The Age of Innocence (Martin Scorsese, 1993)
In The Age of Innocence, Martin Scorsese (the well-known director of Taxi Driver, Raging Bull, and Goodfellas) has made a film pitting expectation against desire, the norms and presumptions of a society against the freedoms and loves of the individual. An all-star cast including Daniel Day-Lewis, Michelle Pfeiffer, and Winona Ryder in starring roles, and such luminaries as Miriam Margolyes, Richard E. Grant, Jonathan Pryce and Alec McCowan in supporting roles and Joanne Woodward as the narrator, move through the drawing rooms and thirteen course meals of a society that, as the film’s narrator describes it, is “a hieroglyphic world where the real thing was never said, or done, or even thought.” Privileged, old New York has strict rules for every conceivable behavior—the time one arrives at a dinner party, the conditions under which a woman leaves a conversation with one man in order to seek the company of another, the length of an engagement period—all are ordered according to a code complete obedience to which is never commanded, rarely requested, but always expected. The way in which this tightly organized community intrigues to frustrate individual love and personal liberty forms the substance of the story.
As the film opens, Newland Archer (Day-Lewis), a New York attorney of the 1870s, is engaged to May Welland (Ryder), the epitome of that society: wealthy, beautiful, elegant, and completely captive to the customs and mores of the tribe. Enter May’s long-absent cousin, Countess Ellen Olenska, played flawlessly by Pfeiffer, who sometimes intentionally, more often unintentionally, flaunts New York’s traditions, and wins Archer’s heart by appealing to that side of him that detests the bonds of a horribly repressive society, ruled over by social gatekeepers who make or break reputations, and with them, fortune, family and, ultimately, personal happiness.
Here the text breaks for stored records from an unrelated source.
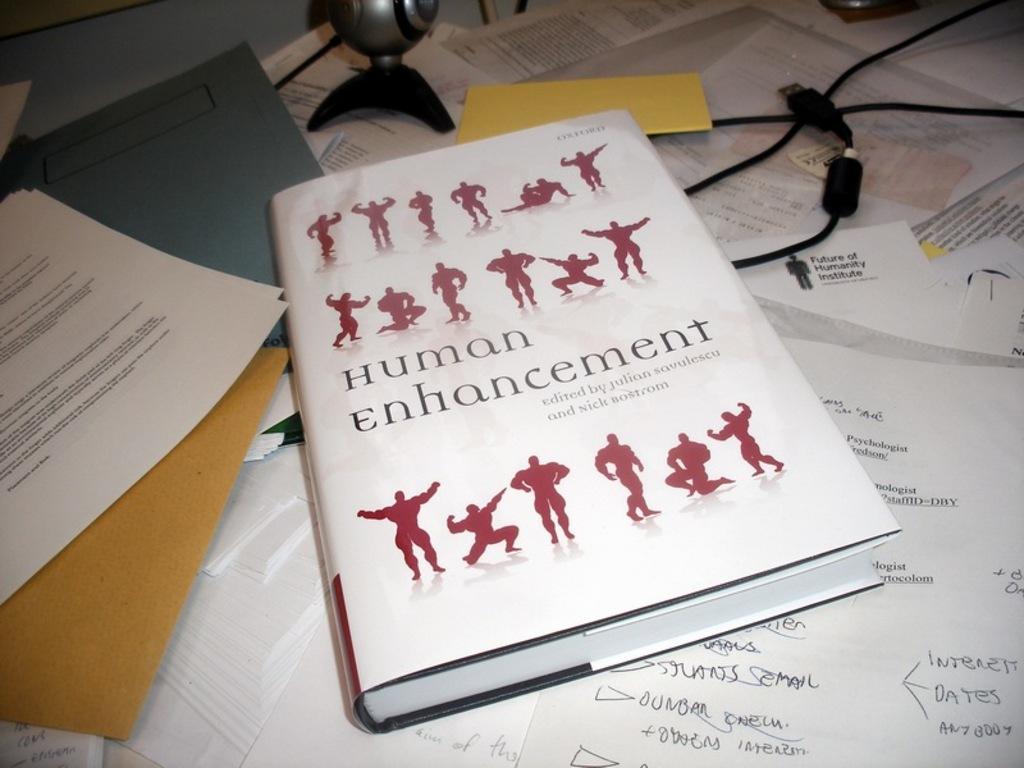Can you describe this image briefly? In this image there are papers with some text, book, files, cables and few other objects on the table. 
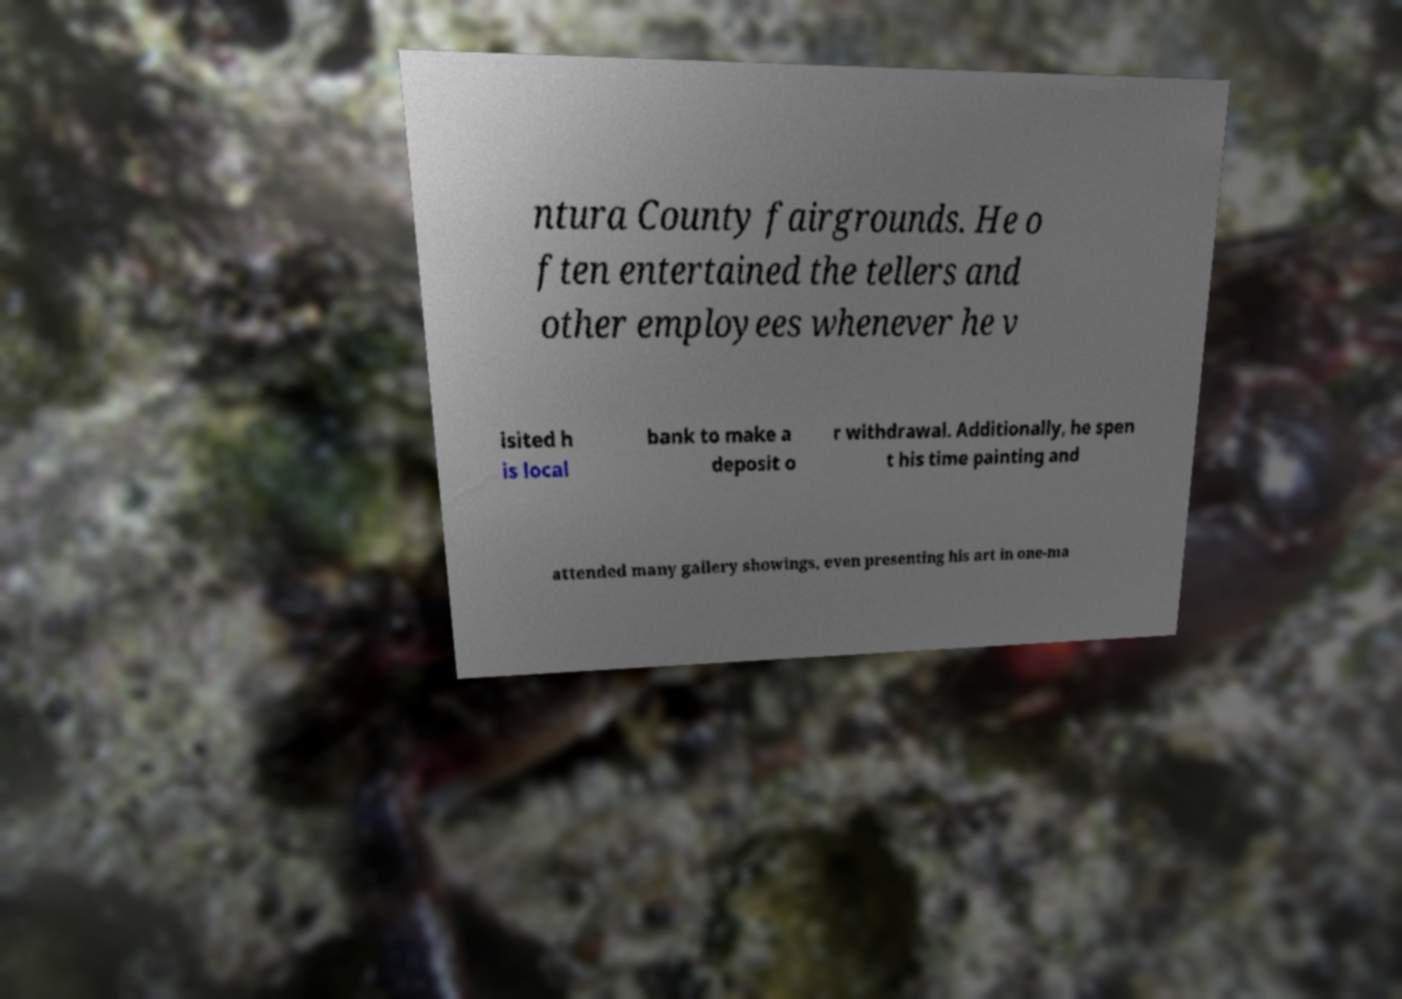Can you read and provide the text displayed in the image?This photo seems to have some interesting text. Can you extract and type it out for me? ntura County fairgrounds. He o ften entertained the tellers and other employees whenever he v isited h is local bank to make a deposit o r withdrawal. Additionally, he spen t his time painting and attended many gallery showings, even presenting his art in one-ma 
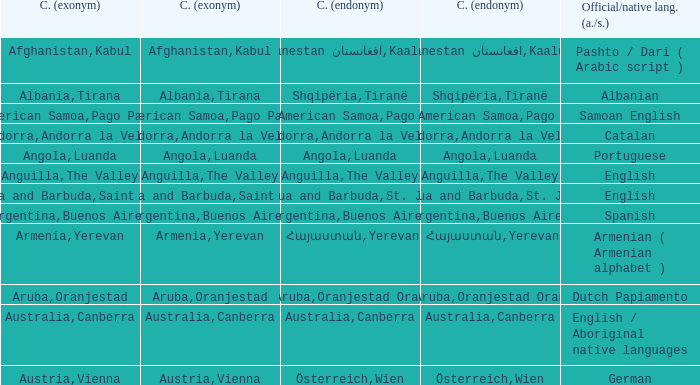What official or native languages are spoken in the country whose capital city is Canberra? English / Aboriginal native languages. 
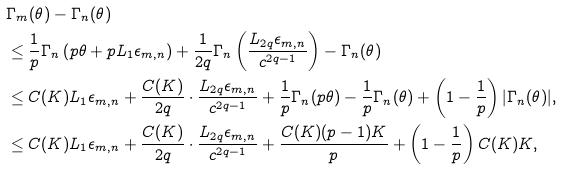<formula> <loc_0><loc_0><loc_500><loc_500>& \Gamma _ { m } ( \theta ) - \Gamma _ { n } ( \theta ) \\ & \leq \frac { 1 } { p } \Gamma _ { n } \left ( p \theta + p L _ { 1 } \epsilon _ { m , n } \right ) + \frac { 1 } { 2 q } \Gamma _ { n } \left ( \frac { L _ { 2 q } \epsilon _ { m , n } } { c ^ { 2 q - 1 } } \right ) - \Gamma _ { n } ( \theta ) \\ & \leq C ( K ) L _ { 1 } \epsilon _ { m , n } + \frac { C ( K ) } { 2 q } \cdot \frac { L _ { 2 q } \epsilon _ { m , n } } { c ^ { 2 q - 1 } } + \frac { 1 } { p } \Gamma _ { n } ( p \theta ) - \frac { 1 } { p } \Gamma _ { n } ( \theta ) + \left ( 1 - \frac { 1 } { p } \right ) | \Gamma _ { n } ( \theta ) | , \\ & \leq C ( K ) L _ { 1 } \epsilon _ { m , n } + \frac { C ( K ) } { 2 q } \cdot \frac { L _ { 2 q } \epsilon _ { m , n } } { c ^ { 2 q - 1 } } + \frac { C ( K ) ( p - 1 ) K } { p } + \left ( 1 - \frac { 1 } { p } \right ) C ( K ) K ,</formula> 
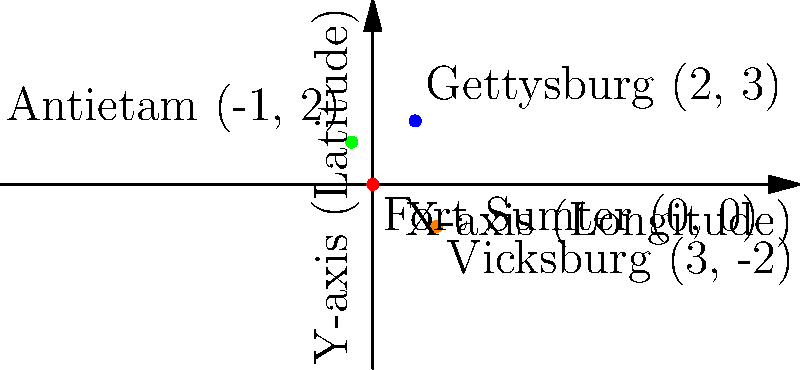On the given coordinate plane, four key battle locations of the Civil War are plotted. If the origin (0,0) represents Fort Sumter, what are the coordinates of the Battle of Gettysburg? To determine the coordinates of the Battle of Gettysburg, we need to:

1. Identify the point labeled "Gettysburg" on the coordinate plane.
2. Read the x-coordinate (longitude) of this point.
3. Read the y-coordinate (latitude) of this point.

Looking at the graph:
1. Gettysburg is represented by the blue dot.
2. The x-coordinate (longitude) of Gettysburg is 2 units to the right of the origin.
3. The y-coordinate (latitude) of Gettysburg is 3 units above the origin.

Therefore, the coordinates of the Battle of Gettysburg are (2, 3).
Answer: $(2, 3)$

The struggle Newland and Ellen have to find a place for their love for each other and yet maintain relationships with their friends and family in the society provides the psychological backdrop for the plot of the film.
The subtle interweaving of the themes of desire, responsibility, societal ordering, and personal happiness, supported by a rich and succulent symbolism, make this Scorsese’s most impressive film to date. The power of the desire that Newland and Ellen feel for each other is matched against the strength of the threat the tribe feels to its survival, and the struggle between the two creates a tension that propels the viewer through two and a half hours of non-action (meals and afternoon visits make up the bulk of the “action” in the film) without even a glance at one’s wristwatch.
This is a film rich in texture and elegant in detail. In every aspect of filmmaking, the picture is a triumph. The performances are flawless; the direction, cinematography, and editing are superb; even the classical score, arranged by perennial Academy Award nominee Elmer Bernstein, describes a world where everything is form and nothing substance. The drawing rooms filled with overstuffed chairs, the walls crowded with art, the fashionable women at an archery match in their full length white lace dresses, the men after dinner, neatly clipping the ends off their cigars —all are filmed in tableau fashion like paintings from John Singer Sargent or Mary Cassatt.
Martin Scorsese is famous for his camera movement; with a few notable exceptions, he rarely lets the eye rest, creating a frenetic pace in most of his movies and emphasizing the need in modern man to keep moving toward the future lest the past, containing only shattered dreams and hopeless strictures, catch up and drown one in its meaninglessness. In this film the camera for the most part lingers, a hand, a flower, a dining room table defining a past that in its insecurity and hopeless tribal legalism kills the only thing in which man in his condition can dare to hope: individual passion set free from the expectations of society. Sadly, what Scorsese, and modern humanity with him, have lost is the understanding that, though our laws, and perhaps particularly our social norms, are often poor reflections of the Law that governs our universe, it is nevertheless that Law that makes our individual freedom meaningful. We shun it in favor of the fulfillment of individual desire only at our deepest peril. We risk all meaning and the deep satisfaction that comes from doing what is right, though it may be painful, in order to find pleasure for a season. Is it worth it?